* _ASSIGNMENT_
Beginning at the top of the data below, write out every line exactly until you reach the line with "1) lint roller (654,73,973,773)", and include that line.

* _Source data_
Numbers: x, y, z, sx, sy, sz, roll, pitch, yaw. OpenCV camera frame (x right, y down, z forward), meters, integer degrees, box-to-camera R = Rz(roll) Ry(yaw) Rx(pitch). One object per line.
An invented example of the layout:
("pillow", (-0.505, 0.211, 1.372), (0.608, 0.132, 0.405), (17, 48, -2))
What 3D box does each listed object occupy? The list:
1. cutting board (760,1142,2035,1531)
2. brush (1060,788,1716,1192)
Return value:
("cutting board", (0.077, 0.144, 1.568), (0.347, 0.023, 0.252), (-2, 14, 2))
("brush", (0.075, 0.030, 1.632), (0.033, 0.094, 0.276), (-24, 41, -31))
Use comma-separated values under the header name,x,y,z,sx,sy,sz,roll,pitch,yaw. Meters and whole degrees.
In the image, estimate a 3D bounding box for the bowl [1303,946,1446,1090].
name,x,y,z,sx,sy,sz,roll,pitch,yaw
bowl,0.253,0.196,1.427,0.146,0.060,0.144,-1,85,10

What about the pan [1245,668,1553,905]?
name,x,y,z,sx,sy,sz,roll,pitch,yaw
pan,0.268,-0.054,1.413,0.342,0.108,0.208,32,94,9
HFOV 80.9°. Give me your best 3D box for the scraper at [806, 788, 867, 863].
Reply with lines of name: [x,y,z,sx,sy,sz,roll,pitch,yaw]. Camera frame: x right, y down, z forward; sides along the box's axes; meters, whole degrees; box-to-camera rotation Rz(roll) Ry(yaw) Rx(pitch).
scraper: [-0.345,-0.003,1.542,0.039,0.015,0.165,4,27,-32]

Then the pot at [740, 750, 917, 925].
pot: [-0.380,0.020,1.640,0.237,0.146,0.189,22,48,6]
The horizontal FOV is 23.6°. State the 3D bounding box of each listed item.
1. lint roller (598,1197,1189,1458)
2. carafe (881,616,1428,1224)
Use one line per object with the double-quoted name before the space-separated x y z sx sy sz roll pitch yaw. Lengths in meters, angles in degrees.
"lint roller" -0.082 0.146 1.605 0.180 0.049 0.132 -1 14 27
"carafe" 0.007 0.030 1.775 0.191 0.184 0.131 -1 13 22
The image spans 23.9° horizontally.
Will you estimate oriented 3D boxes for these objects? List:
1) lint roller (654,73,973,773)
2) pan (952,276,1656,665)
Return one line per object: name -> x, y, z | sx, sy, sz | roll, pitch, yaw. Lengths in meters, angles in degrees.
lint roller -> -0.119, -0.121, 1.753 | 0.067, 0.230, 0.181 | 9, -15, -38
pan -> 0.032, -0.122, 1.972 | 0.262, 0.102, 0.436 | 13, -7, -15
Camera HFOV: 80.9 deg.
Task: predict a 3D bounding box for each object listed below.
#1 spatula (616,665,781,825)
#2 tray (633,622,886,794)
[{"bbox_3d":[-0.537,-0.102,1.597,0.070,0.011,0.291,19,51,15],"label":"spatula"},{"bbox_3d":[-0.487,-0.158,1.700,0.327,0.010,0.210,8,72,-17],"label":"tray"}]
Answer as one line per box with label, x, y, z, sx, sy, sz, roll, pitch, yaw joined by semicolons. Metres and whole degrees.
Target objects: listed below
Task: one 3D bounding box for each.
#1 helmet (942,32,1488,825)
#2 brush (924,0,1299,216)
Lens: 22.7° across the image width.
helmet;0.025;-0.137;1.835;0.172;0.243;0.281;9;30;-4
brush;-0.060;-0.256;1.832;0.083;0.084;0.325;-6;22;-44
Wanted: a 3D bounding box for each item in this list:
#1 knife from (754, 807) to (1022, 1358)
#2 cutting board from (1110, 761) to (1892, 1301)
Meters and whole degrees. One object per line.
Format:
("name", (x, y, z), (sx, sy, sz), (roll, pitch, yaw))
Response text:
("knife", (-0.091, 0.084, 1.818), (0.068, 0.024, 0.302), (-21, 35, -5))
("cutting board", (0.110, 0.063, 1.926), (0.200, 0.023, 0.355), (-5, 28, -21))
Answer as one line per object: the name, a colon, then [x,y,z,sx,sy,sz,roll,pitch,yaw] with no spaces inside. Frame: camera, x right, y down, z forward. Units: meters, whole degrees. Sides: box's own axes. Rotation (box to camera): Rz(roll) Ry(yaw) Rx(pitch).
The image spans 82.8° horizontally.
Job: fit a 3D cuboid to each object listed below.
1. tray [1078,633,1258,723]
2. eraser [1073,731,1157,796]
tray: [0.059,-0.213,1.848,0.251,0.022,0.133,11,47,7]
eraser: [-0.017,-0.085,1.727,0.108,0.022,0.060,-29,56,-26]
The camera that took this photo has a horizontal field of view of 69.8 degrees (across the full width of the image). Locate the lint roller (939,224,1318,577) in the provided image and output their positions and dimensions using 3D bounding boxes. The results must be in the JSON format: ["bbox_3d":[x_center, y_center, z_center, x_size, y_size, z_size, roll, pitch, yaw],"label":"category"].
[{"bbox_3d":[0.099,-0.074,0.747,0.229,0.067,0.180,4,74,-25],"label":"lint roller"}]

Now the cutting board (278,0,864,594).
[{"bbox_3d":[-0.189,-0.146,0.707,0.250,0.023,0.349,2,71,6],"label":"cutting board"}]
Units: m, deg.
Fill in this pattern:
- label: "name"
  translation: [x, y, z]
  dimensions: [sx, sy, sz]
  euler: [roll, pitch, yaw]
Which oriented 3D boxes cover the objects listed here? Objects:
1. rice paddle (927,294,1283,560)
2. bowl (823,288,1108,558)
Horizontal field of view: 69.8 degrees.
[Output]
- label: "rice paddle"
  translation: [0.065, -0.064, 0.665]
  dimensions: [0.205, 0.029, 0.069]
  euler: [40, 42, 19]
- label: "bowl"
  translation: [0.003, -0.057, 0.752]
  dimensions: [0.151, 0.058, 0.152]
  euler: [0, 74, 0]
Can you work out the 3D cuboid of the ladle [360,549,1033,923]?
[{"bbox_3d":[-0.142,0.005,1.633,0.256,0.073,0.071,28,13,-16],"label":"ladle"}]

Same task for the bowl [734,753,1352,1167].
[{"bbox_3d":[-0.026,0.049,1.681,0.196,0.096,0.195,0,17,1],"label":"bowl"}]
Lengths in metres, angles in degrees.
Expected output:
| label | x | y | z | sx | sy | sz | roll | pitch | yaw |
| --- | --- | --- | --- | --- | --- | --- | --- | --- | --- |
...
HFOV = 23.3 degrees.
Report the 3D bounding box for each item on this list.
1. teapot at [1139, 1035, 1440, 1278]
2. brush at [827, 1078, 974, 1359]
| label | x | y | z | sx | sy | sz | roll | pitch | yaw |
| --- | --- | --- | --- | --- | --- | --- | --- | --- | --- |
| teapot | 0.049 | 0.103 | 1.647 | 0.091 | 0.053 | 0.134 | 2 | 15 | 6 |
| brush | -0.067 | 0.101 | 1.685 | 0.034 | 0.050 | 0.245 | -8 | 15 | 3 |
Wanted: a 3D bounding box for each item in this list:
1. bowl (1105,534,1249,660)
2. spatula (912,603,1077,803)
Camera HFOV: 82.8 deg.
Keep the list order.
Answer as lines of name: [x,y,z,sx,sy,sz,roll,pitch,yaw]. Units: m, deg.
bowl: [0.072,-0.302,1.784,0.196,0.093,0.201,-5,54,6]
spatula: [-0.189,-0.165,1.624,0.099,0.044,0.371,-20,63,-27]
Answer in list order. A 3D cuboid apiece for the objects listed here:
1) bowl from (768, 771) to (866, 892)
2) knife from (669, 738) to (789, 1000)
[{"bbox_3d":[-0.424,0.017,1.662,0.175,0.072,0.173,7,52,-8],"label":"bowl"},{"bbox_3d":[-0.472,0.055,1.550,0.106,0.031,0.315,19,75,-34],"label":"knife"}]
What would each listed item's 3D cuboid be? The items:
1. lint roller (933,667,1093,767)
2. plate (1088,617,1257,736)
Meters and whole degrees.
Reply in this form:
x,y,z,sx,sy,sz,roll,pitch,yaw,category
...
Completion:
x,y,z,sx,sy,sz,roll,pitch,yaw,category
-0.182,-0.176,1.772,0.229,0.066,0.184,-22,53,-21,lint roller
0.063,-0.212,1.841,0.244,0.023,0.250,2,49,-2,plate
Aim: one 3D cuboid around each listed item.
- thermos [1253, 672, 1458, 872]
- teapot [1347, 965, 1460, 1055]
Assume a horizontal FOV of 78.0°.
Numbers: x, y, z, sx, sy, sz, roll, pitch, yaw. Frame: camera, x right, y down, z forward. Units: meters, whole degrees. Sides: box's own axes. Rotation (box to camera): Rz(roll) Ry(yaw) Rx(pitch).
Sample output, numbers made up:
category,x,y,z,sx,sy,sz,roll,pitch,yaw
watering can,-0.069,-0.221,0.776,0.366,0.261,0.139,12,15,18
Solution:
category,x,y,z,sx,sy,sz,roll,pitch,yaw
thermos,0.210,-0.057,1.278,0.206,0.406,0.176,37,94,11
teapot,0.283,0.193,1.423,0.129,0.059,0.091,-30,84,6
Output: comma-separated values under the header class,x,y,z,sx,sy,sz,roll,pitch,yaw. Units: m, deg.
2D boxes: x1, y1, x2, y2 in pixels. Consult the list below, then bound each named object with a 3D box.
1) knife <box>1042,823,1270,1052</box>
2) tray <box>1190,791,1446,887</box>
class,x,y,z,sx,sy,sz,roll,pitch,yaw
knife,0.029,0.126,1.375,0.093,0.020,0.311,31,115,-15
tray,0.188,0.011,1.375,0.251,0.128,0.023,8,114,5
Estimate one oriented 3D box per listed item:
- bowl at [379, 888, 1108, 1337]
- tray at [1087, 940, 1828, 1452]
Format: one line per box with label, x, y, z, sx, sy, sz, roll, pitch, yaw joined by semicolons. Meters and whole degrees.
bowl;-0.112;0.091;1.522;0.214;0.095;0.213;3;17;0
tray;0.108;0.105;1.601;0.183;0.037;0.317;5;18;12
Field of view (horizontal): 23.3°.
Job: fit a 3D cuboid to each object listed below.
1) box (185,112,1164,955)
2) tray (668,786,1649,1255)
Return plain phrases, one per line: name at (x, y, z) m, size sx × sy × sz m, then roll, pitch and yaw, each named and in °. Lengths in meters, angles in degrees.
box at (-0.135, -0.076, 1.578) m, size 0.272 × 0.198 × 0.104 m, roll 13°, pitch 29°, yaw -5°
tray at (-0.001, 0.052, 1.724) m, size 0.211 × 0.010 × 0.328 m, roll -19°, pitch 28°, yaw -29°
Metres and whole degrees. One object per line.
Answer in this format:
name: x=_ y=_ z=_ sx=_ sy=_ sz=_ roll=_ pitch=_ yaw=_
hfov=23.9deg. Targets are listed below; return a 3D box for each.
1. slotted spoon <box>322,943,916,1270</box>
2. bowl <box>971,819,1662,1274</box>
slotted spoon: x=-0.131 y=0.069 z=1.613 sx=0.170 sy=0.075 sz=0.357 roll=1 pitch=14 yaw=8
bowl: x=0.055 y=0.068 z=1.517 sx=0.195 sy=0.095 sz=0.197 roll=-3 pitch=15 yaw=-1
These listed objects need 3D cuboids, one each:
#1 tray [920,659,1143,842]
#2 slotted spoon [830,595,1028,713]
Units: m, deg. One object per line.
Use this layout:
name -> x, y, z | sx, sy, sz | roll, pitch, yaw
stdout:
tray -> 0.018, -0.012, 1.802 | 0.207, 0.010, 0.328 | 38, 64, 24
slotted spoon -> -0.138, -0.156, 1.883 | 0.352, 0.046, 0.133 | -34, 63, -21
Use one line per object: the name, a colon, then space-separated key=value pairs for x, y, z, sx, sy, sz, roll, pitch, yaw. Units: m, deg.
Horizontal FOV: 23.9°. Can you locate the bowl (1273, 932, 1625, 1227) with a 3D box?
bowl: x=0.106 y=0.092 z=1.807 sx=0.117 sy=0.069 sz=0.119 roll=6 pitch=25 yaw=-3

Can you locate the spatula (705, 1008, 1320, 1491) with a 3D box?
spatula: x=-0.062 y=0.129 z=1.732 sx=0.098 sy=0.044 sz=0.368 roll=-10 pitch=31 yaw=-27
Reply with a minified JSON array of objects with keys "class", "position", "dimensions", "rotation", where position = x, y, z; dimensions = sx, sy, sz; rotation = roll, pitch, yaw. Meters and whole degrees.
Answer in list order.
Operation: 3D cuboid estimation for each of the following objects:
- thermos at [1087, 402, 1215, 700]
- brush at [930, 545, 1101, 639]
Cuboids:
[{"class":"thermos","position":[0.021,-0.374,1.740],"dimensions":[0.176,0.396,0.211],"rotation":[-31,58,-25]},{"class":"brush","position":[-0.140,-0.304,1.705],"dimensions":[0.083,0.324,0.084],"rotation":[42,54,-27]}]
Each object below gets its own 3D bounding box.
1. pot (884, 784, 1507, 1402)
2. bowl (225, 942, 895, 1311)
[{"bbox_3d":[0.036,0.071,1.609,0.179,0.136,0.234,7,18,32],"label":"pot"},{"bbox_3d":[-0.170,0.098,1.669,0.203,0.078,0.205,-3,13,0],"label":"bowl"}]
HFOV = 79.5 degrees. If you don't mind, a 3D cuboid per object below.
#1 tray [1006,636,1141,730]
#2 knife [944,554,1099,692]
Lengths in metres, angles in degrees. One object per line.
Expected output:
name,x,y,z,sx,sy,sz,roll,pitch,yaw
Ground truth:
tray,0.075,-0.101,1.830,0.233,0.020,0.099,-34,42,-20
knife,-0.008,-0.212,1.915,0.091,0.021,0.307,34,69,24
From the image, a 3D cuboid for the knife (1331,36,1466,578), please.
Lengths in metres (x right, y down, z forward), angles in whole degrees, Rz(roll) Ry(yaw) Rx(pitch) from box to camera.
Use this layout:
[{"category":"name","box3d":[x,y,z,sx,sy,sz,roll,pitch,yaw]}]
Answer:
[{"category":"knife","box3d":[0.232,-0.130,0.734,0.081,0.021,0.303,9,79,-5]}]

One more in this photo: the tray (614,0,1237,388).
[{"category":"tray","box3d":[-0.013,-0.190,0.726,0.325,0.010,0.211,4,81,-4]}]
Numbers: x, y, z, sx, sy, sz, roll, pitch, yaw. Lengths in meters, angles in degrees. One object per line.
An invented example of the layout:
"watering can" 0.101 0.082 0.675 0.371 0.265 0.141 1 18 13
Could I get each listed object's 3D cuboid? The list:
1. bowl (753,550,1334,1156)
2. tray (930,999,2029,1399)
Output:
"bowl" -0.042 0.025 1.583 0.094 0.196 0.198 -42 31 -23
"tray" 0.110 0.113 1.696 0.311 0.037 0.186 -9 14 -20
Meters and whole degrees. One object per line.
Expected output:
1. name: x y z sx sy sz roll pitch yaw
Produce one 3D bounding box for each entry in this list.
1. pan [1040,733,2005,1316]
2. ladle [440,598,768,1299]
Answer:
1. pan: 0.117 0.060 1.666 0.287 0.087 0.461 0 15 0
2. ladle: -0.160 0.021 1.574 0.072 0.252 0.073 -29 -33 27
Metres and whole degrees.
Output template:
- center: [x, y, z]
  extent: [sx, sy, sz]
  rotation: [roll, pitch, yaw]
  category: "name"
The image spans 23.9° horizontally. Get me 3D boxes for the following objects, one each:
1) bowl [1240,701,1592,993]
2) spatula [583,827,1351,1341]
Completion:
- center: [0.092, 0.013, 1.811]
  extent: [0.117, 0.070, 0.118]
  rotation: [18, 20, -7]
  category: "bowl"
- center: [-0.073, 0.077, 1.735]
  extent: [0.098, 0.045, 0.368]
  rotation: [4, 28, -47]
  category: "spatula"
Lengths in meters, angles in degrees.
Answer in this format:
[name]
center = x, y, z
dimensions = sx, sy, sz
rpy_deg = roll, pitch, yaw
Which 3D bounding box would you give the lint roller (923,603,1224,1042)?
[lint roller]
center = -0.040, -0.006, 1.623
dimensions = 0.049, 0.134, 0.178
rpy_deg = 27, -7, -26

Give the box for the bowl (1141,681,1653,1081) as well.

* _WRITTEN ANSWER_
Numbers: x, y, z, sx, sy, sz, roll, pitch, yaw. OpenCV camera frame (x right, y down, z forward), meters, integer degrees, box-to-camera R = Rz(roll) Ry(yaw) Rx(pitch). One object per line.
An invented example of the layout:
("pillow", (-0.505, 0.211, 1.372), (0.608, 0.132, 0.405), (17, 48, -2))
What 3D box does each listed object occupy? The list:
1. cutting board (760,1142,2035,1531)
2. brush (1060,788,1716,1192)
Return value:
("cutting board", (0.077, 0.144, 1.568), (0.347, 0.023, 0.252), (-2, 14, 2))
("brush", (0.075, 0.030, 1.632), (0.033, 0.094, 0.276), (-24, 41, -31))
Use comma-separated values under the header name,x,y,z,sx,sy,sz,roll,pitch,yaw. Meters and whole degrees.
In the image, estimate a 3D bounding box for the bowl [1303,946,1446,1090].
name,x,y,z,sx,sy,sz,roll,pitch,yaw
bowl,0.253,0.196,1.427,0.146,0.060,0.144,-1,85,10

What about the pan [1245,668,1553,905]?
name,x,y,z,sx,sy,sz,roll,pitch,yaw
pan,0.268,-0.054,1.413,0.342,0.108,0.208,32,94,9
HFOV 80.9°. Give me your best 3D box for the scraper at [806, 788, 867, 863].
Reply with lines of name: [x,y,z,sx,sy,sz,roll,pitch,yaw]. Camera frame: x right, y down, z forward; sides along the box's axes; meters, whole degrees; box-to-camera rotation Rz(roll) Ry(yaw) Rx(pitch).
scraper: [-0.345,-0.003,1.542,0.039,0.015,0.165,4,27,-32]

Then the pot at [740, 750, 917, 925].
pot: [-0.380,0.020,1.640,0.237,0.146,0.189,22,48,6]
The horizontal FOV is 23.6°. State the 3D bounding box of each listed item.
1. lint roller (598,1197,1189,1458)
2. carafe (881,616,1428,1224)
Use one line per object with the double-quoted name before the space-separated x y z sx sy sz roll pitch yaw. Lengths in meters, angles in degrees.
"lint roller" -0.082 0.146 1.605 0.180 0.049 0.132 -1 14 27
"carafe" 0.007 0.030 1.775 0.191 0.184 0.131 -1 13 22
The image spans 23.9° horizontally.
Will you estimate oriented 3D boxes for these objects? List:
1) lint roller (654,73,973,773)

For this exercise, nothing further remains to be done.